**Directions**. Where an image appears in the data, omit it and reproduce the rest exactly.

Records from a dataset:
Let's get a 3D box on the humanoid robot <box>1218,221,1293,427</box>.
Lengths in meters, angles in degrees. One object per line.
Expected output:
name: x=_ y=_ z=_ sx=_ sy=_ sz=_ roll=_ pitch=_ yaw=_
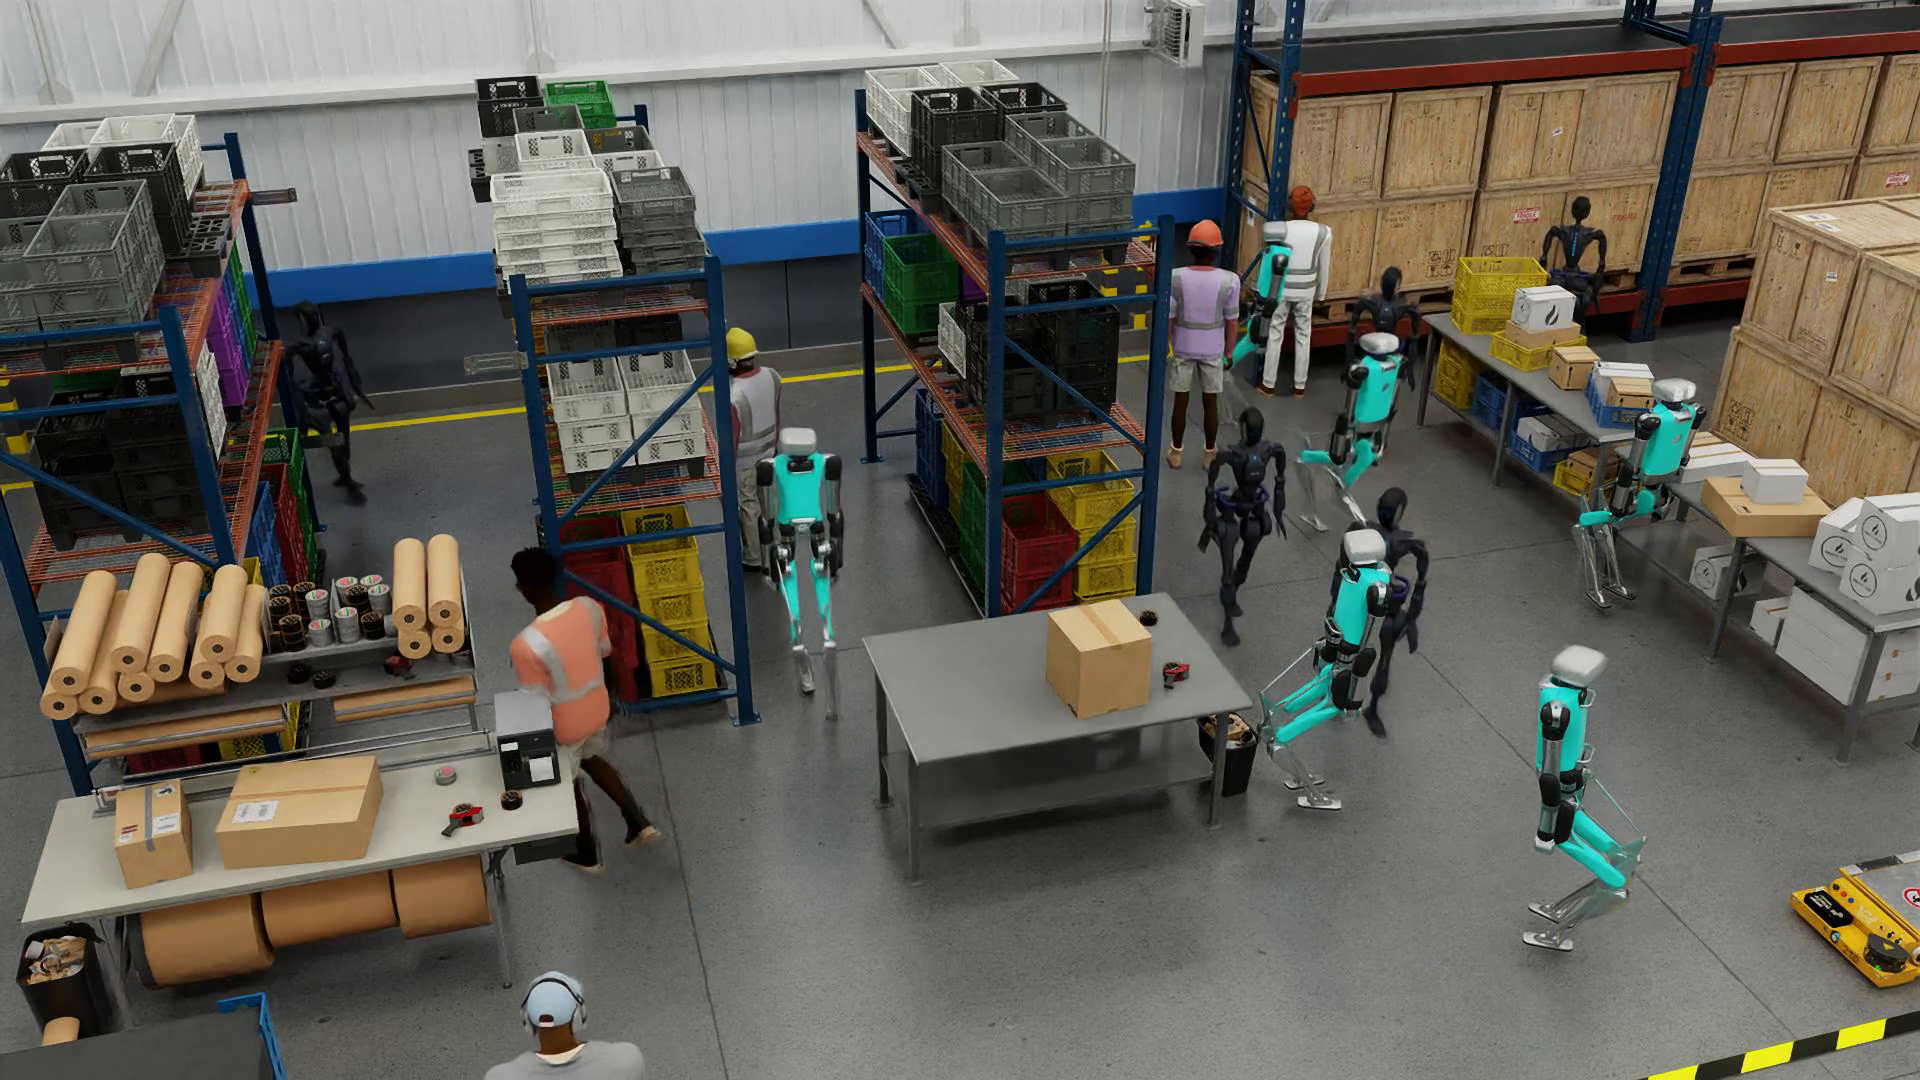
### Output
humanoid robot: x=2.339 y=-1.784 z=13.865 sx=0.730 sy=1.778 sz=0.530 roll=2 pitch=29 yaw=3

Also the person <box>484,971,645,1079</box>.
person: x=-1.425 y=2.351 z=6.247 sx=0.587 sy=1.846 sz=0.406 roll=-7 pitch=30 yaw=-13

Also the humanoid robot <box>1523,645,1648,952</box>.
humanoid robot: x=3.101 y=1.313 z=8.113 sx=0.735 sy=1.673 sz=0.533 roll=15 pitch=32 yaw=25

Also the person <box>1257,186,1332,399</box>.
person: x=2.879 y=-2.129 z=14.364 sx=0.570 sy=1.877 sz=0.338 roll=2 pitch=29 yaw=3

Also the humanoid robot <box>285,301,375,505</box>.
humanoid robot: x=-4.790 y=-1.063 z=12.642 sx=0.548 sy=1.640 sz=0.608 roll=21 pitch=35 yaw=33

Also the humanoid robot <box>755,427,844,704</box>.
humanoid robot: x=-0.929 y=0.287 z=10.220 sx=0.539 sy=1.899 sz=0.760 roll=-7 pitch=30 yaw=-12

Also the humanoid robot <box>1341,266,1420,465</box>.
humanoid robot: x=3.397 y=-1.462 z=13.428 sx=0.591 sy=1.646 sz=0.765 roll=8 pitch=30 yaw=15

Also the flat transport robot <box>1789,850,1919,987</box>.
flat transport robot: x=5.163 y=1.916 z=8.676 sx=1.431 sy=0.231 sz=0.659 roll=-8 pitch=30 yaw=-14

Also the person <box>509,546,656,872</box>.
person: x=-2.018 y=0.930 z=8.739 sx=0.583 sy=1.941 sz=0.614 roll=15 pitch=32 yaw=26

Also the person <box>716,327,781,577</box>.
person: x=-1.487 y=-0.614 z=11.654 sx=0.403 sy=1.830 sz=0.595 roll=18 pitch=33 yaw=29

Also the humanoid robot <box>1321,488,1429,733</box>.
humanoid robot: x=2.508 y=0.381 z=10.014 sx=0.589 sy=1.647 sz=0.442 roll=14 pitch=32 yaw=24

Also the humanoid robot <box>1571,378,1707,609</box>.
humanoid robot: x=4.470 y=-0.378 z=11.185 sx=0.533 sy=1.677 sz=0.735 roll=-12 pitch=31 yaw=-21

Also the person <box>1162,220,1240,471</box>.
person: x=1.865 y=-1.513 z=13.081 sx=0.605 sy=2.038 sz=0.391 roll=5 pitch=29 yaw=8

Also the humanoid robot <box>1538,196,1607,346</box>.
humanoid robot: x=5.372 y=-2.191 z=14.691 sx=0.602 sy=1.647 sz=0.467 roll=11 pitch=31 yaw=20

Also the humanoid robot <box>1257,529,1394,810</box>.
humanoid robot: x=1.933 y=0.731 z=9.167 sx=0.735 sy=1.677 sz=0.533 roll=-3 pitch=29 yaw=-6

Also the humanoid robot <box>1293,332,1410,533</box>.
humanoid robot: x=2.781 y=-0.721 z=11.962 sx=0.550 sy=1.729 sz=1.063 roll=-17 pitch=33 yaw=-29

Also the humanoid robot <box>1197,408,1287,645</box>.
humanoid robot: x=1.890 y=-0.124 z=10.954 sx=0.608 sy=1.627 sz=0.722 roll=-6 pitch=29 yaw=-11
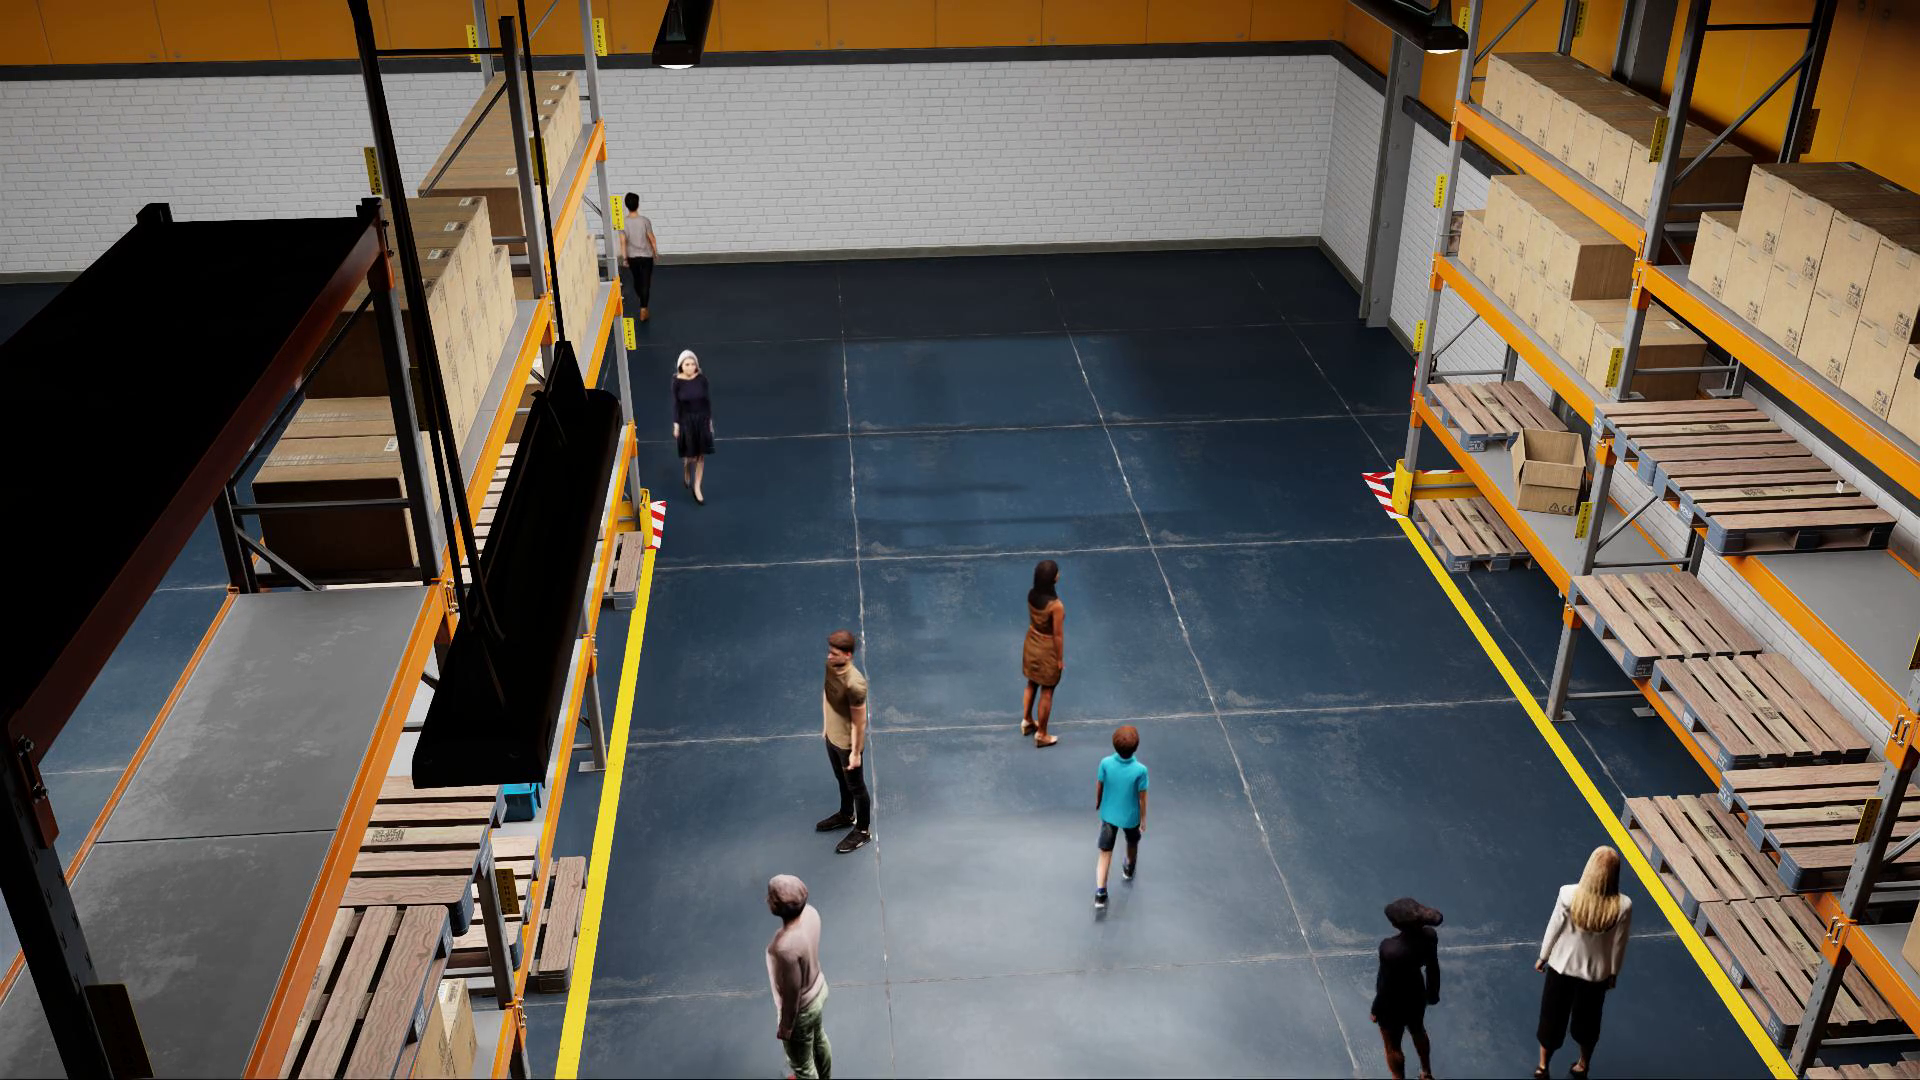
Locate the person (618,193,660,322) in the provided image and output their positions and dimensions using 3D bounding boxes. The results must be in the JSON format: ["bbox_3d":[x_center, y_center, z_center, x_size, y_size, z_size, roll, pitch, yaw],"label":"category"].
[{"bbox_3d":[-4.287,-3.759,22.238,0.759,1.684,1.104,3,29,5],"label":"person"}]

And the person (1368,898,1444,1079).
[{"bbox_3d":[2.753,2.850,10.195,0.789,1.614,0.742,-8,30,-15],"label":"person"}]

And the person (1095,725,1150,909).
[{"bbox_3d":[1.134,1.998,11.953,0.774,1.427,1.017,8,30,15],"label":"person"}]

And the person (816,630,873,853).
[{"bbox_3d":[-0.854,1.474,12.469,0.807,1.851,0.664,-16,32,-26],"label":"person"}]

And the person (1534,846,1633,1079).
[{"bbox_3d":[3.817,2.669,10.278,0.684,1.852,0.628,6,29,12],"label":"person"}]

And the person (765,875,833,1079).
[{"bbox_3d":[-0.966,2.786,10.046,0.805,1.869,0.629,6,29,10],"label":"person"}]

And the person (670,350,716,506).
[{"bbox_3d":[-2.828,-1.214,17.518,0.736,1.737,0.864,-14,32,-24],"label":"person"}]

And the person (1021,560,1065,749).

**Exercise output**.
Let's get a 3D box on the humanoid robot <box>1218,221,1293,427</box>.
Lengths in meters, angles in degrees. One object per line.
Expected output:
name: x=_ y=_ z=_ sx=_ sy=_ sz=_ roll=_ pitch=_ yaw=_
### Output
humanoid robot: x=2.339 y=-1.784 z=13.865 sx=0.730 sy=1.778 sz=0.530 roll=2 pitch=29 yaw=3

Also the person <box>484,971,645,1079</box>.
person: x=-1.425 y=2.351 z=6.247 sx=0.587 sy=1.846 sz=0.406 roll=-7 pitch=30 yaw=-13

Also the humanoid robot <box>1523,645,1648,952</box>.
humanoid robot: x=3.101 y=1.313 z=8.113 sx=0.735 sy=1.673 sz=0.533 roll=15 pitch=32 yaw=25

Also the person <box>1257,186,1332,399</box>.
person: x=2.879 y=-2.129 z=14.364 sx=0.570 sy=1.877 sz=0.338 roll=2 pitch=29 yaw=3

Also the humanoid robot <box>285,301,375,505</box>.
humanoid robot: x=-4.790 y=-1.063 z=12.642 sx=0.548 sy=1.640 sz=0.608 roll=21 pitch=35 yaw=33

Also the humanoid robot <box>755,427,844,704</box>.
humanoid robot: x=-0.929 y=0.287 z=10.220 sx=0.539 sy=1.899 sz=0.760 roll=-7 pitch=30 yaw=-12

Also the humanoid robot <box>1341,266,1420,465</box>.
humanoid robot: x=3.397 y=-1.462 z=13.428 sx=0.591 sy=1.646 sz=0.765 roll=8 pitch=30 yaw=15

Also the flat transport robot <box>1789,850,1919,987</box>.
flat transport robot: x=5.163 y=1.916 z=8.676 sx=1.431 sy=0.231 sz=0.659 roll=-8 pitch=30 yaw=-14

Also the person <box>509,546,656,872</box>.
person: x=-2.018 y=0.930 z=8.739 sx=0.583 sy=1.941 sz=0.614 roll=15 pitch=32 yaw=26

Also the person <box>716,327,781,577</box>.
person: x=-1.487 y=-0.614 z=11.654 sx=0.403 sy=1.830 sz=0.595 roll=18 pitch=33 yaw=29

Also the humanoid robot <box>1321,488,1429,733</box>.
humanoid robot: x=2.508 y=0.381 z=10.014 sx=0.589 sy=1.647 sz=0.442 roll=14 pitch=32 yaw=24

Also the humanoid robot <box>1571,378,1707,609</box>.
humanoid robot: x=4.470 y=-0.378 z=11.185 sx=0.533 sy=1.677 sz=0.735 roll=-12 pitch=31 yaw=-21

Also the person <box>1162,220,1240,471</box>.
person: x=1.865 y=-1.513 z=13.081 sx=0.605 sy=2.038 sz=0.391 roll=5 pitch=29 yaw=8

Also the humanoid robot <box>1538,196,1607,346</box>.
humanoid robot: x=5.372 y=-2.191 z=14.691 sx=0.602 sy=1.647 sz=0.467 roll=11 pitch=31 yaw=20

Also the humanoid robot <box>1257,529,1394,810</box>.
humanoid robot: x=1.933 y=0.731 z=9.167 sx=0.735 sy=1.677 sz=0.533 roll=-3 pitch=29 yaw=-6

Also the humanoid robot <box>1293,332,1410,533</box>.
humanoid robot: x=2.781 y=-0.721 z=11.962 sx=0.550 sy=1.729 sz=1.063 roll=-17 pitch=33 yaw=-29

Also the humanoid robot <box>1197,408,1287,645</box>.
humanoid robot: x=1.890 y=-0.124 z=10.954 sx=0.608 sy=1.627 sz=0.722 roll=-6 pitch=29 yaw=-11
Locate the person (618,193,660,322) in the provided image and output their positions and dimensions using 3D bounding boxes. The results must be in the JSON format: ["bbox_3d":[x_center, y_center, z_center, x_size, y_size, z_size, roll, pitch, yaw],"label":"category"].
[{"bbox_3d":[-4.287,-3.759,22.238,0.759,1.684,1.104,3,29,5],"label":"person"}]

And the person (1368,898,1444,1079).
[{"bbox_3d":[2.753,2.850,10.195,0.789,1.614,0.742,-8,30,-15],"label":"person"}]

And the person (1095,725,1150,909).
[{"bbox_3d":[1.134,1.998,11.953,0.774,1.427,1.017,8,30,15],"label":"person"}]

And the person (816,630,873,853).
[{"bbox_3d":[-0.854,1.474,12.469,0.807,1.851,0.664,-16,32,-26],"label":"person"}]

And the person (1534,846,1633,1079).
[{"bbox_3d":[3.817,2.669,10.278,0.684,1.852,0.628,6,29,12],"label":"person"}]

And the person (765,875,833,1079).
[{"bbox_3d":[-0.966,2.786,10.046,0.805,1.869,0.629,6,29,10],"label":"person"}]

And the person (670,350,716,506).
[{"bbox_3d":[-2.828,-1.214,17.518,0.736,1.737,0.864,-14,32,-24],"label":"person"}]

And the person (1021,560,1065,749).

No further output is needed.